Celia Briar – “Eleanor Plunkett”.

Hey people! 🙂

Not long ago, I shared with you a harp piece performed by Sue Richards and composed by Irish national bard and composer who was also a harper – Turlough O’Carolan. – Today, I’m sharing another tune that was composed by him and that is one of his most popular compositions, very frequently played by harpers and harpists. The version I chose to share with you is by Celia Briar, whose music I’ve also shared with you quite a few times before. From what I’ve read, it used to be a song with Irish Gaelic lyrics, which are now unknown.

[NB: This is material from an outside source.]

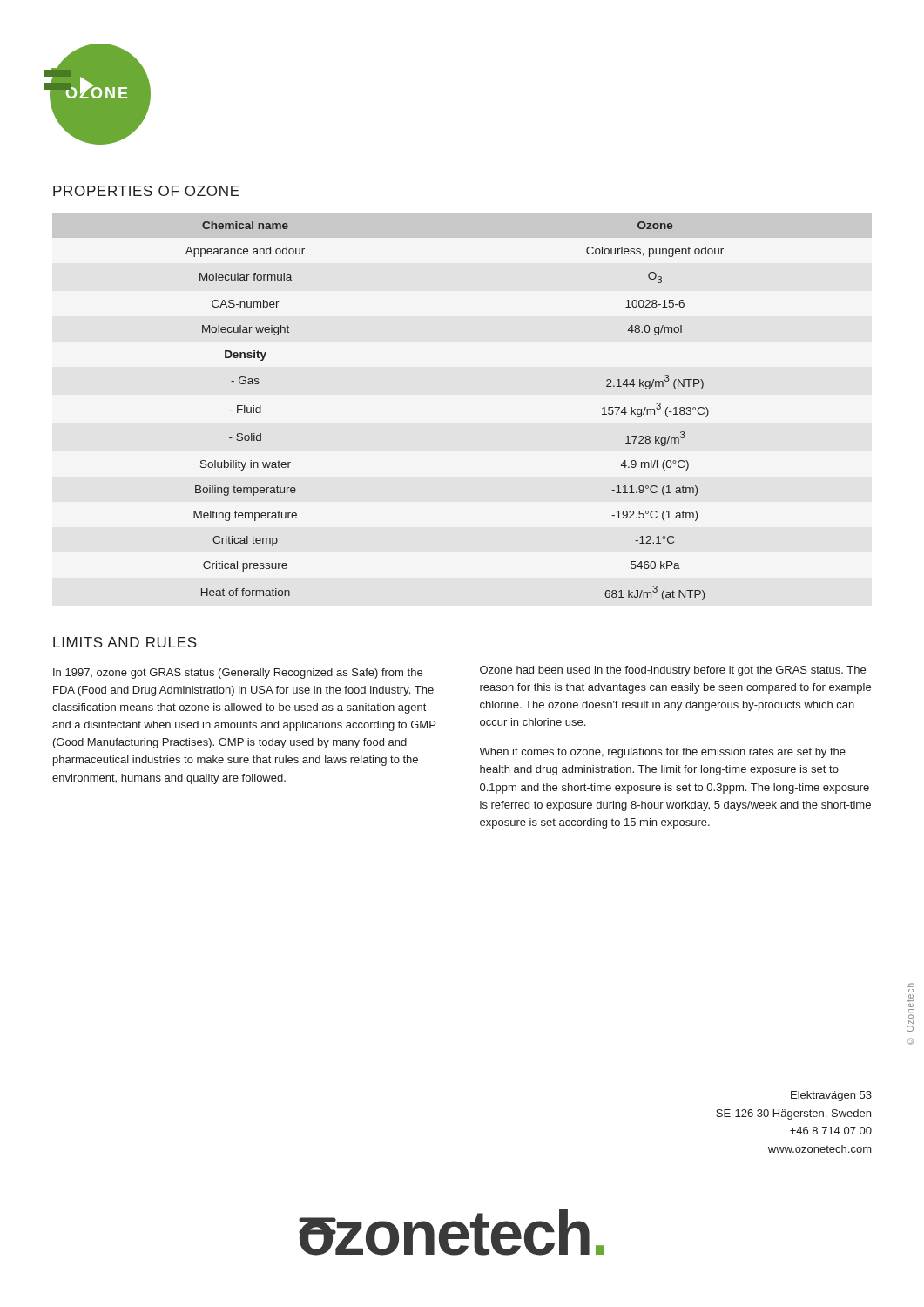Image resolution: width=924 pixels, height=1307 pixels.
Task: Find the text starting "Ozone had been used in the food-industry"
Action: click(x=675, y=696)

O’Carolan wrote this song in praise of Eleanor Plunkett from Robertstown in co. Meath.

Song of the day (8th November) – Sue Richards – “Clergy’s Lamentation”.

Hi people! 🙂

So I’ve shared a lot of harp music – especially Celtic harp music – with you lately, but as far as I can remember I haven’t shared anything at all from the rich legacy of the most famous Celtic harpist ever – Turlough O’Carollan. – It’s quite funny that people always associate harp, be it classical or Celtic or any other, primarily with women, and these days it’s mainly women playing this instrument and seems very unusual when it’s otherwise, while the most famous Irish Celtic harper was male. Turlough O’Carolan was born in late 17th century, and was a harper, composer and also a singer. He is regarded as Ireland’s national composer. At the age of eighteen he was blinded by smallpox. He spent most of his life journeying through the country on horseback, composing and playing his music.

A lot of contemporary harpists play his tunes, and this piece is no exception. I am sharing it with you performed by Sue Richards – Celtic harpist from North Carolina – but I’ve heard quite a few other versions. In Sue Richards’ version, there are also other instruments as you’ll be able to hear, which makes it feel nicely richer.